> **Exercise directions**: Starting at the line that holds "Screen dimensions: 1307x924", restate every line word for word up to and including the last one in the listing below, and omit all pictures.

────────────────────────────────────────

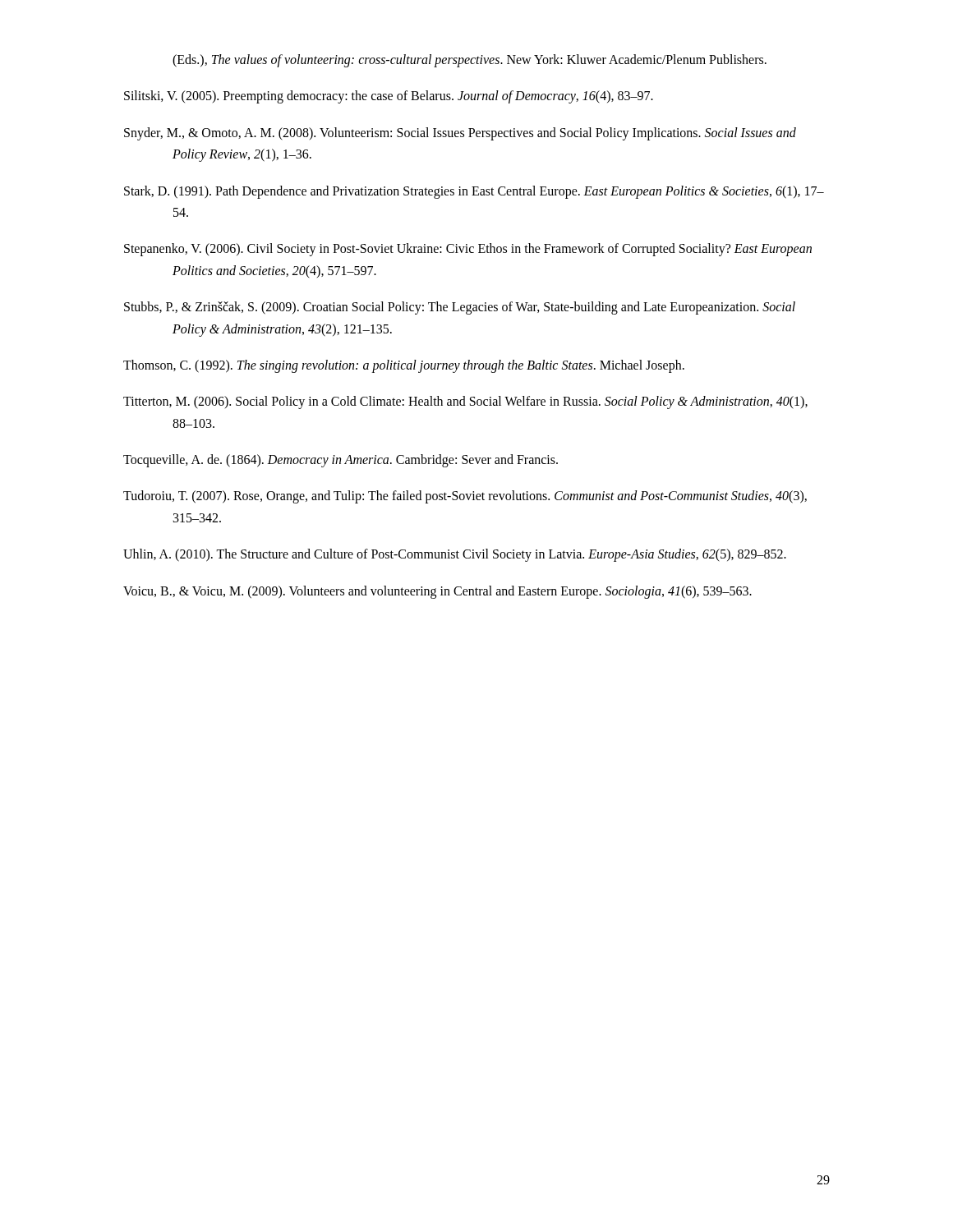This screenshot has height=1232, width=953.
Task: Navigate to the region starting "Silitski, V. (2005). Preempting democracy: the"
Action: click(388, 96)
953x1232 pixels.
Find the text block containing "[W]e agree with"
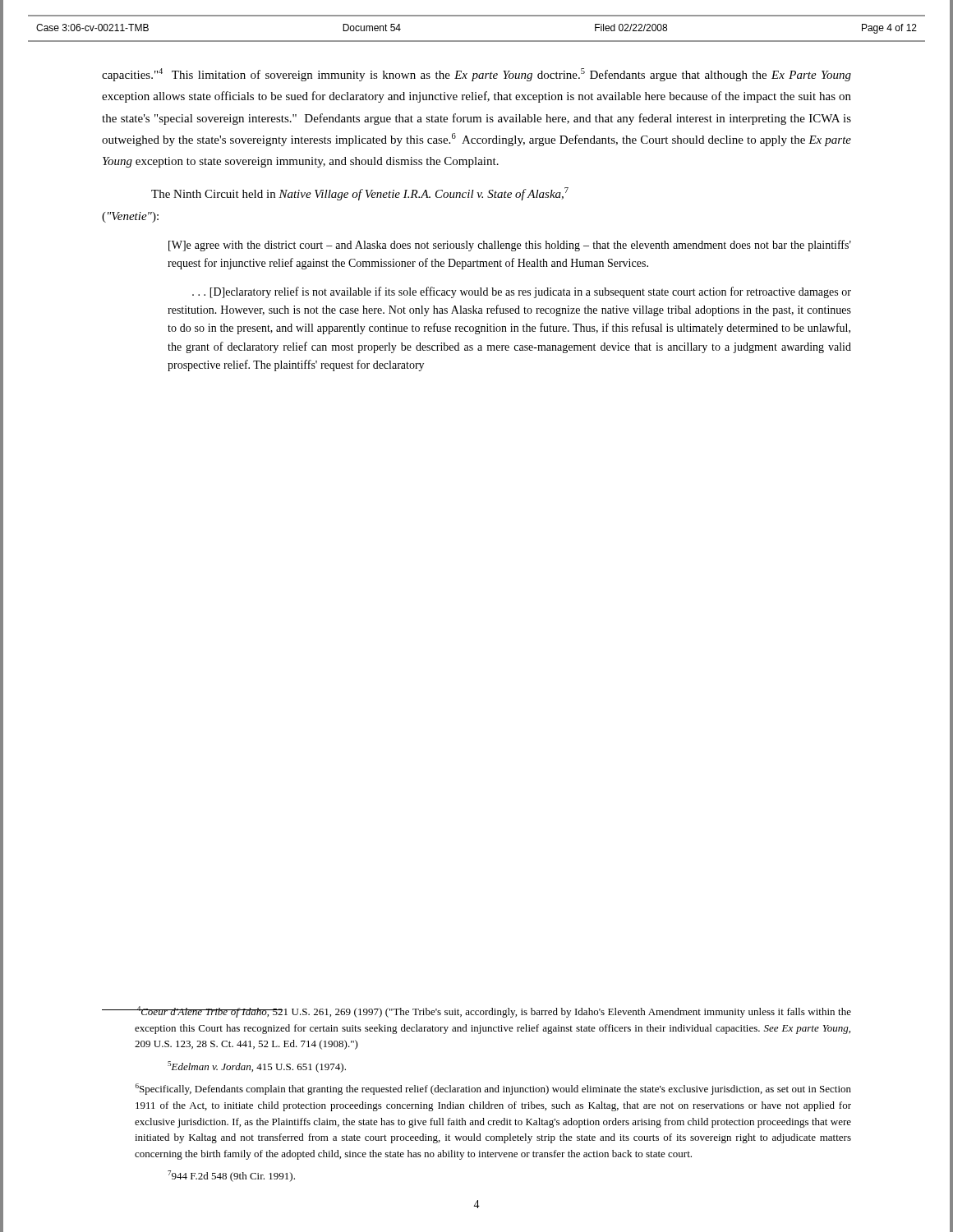509,254
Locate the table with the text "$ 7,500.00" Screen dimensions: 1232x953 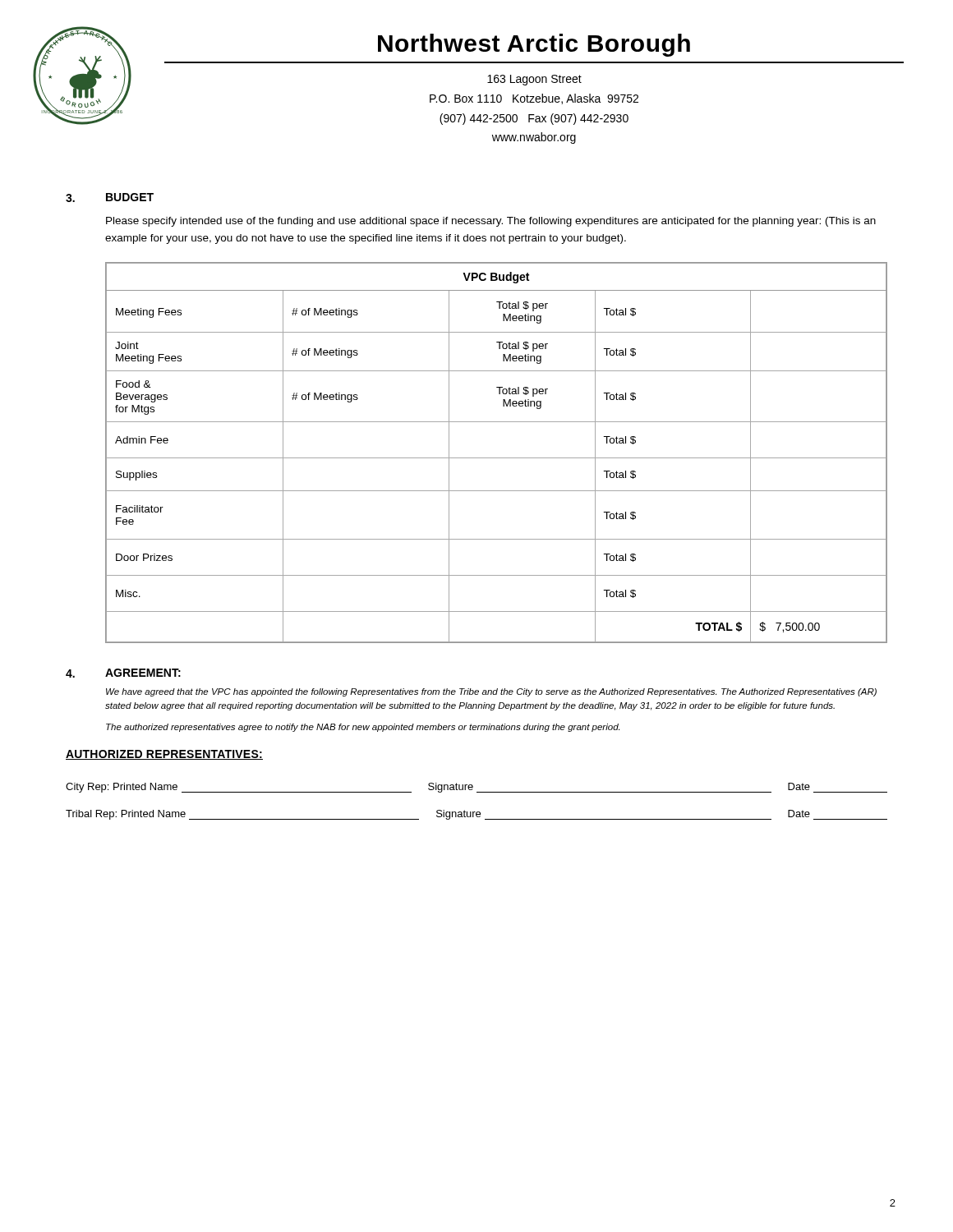click(496, 453)
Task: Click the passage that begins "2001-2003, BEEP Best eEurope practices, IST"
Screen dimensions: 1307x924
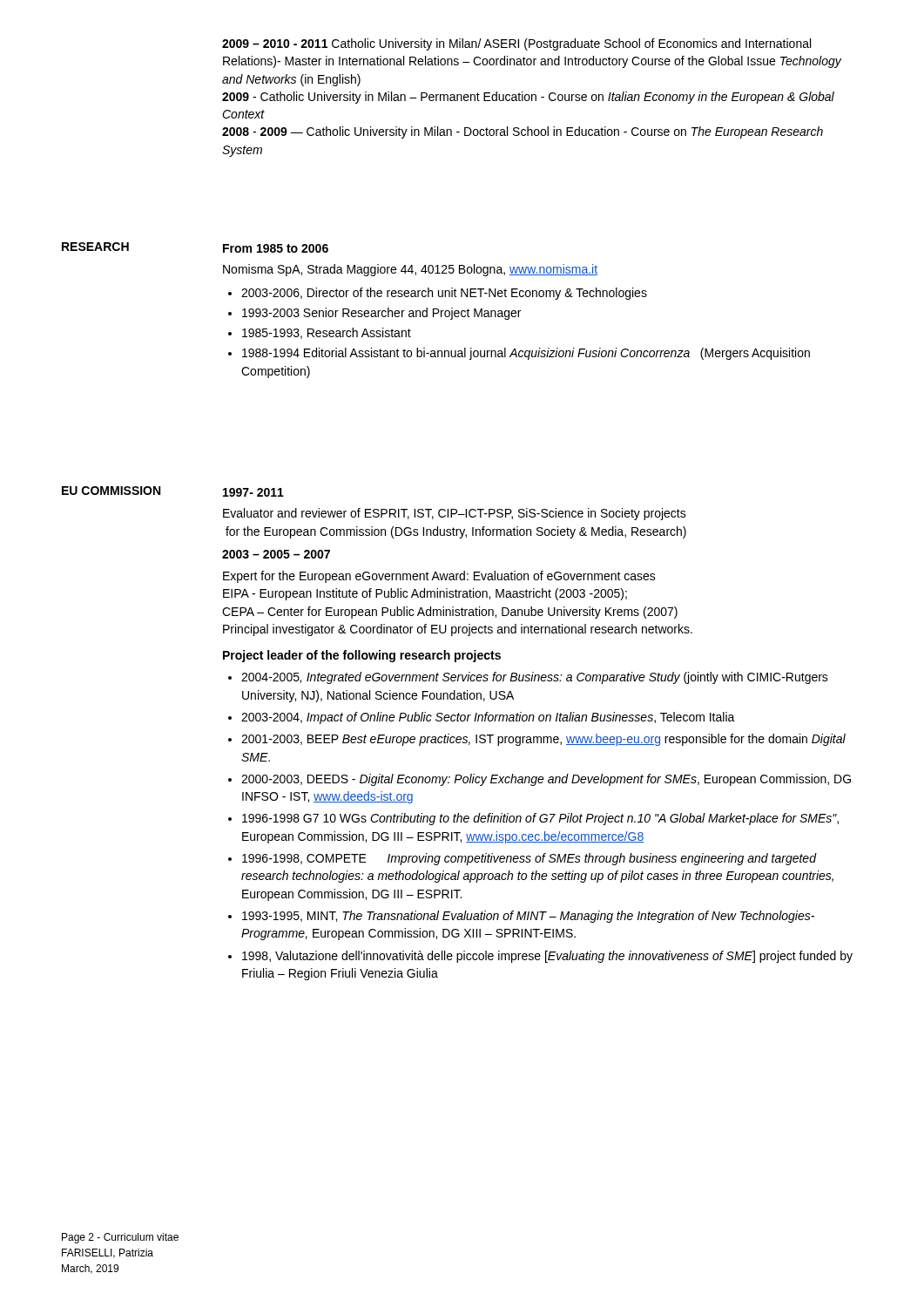Action: click(543, 748)
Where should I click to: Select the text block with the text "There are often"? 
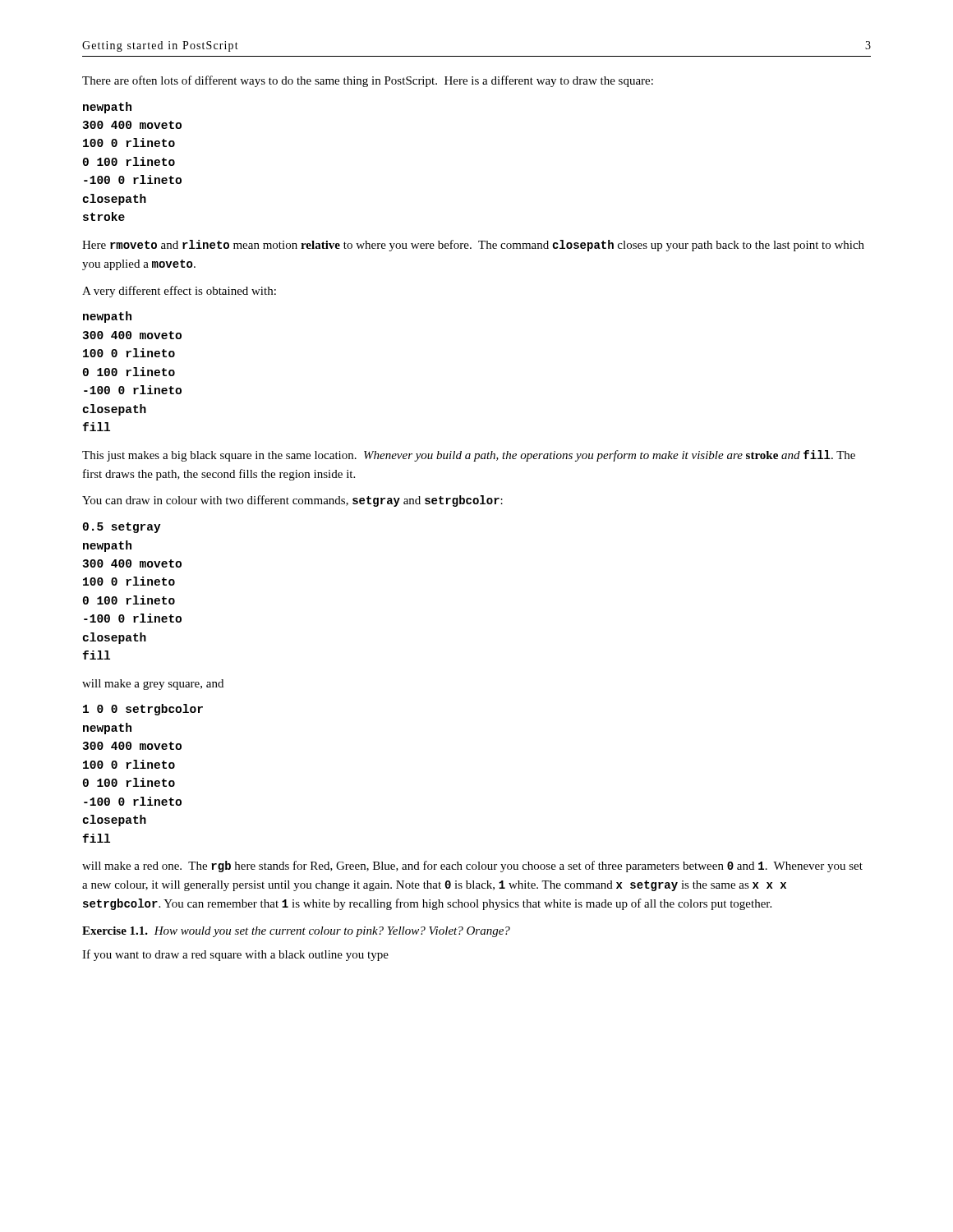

────────────────────────────────────────

> **Exercise solution**:
Screen dimensions: 1307x924
Action: click(543, 748)
Where should I click to: Select the text block with the text "There are often"? 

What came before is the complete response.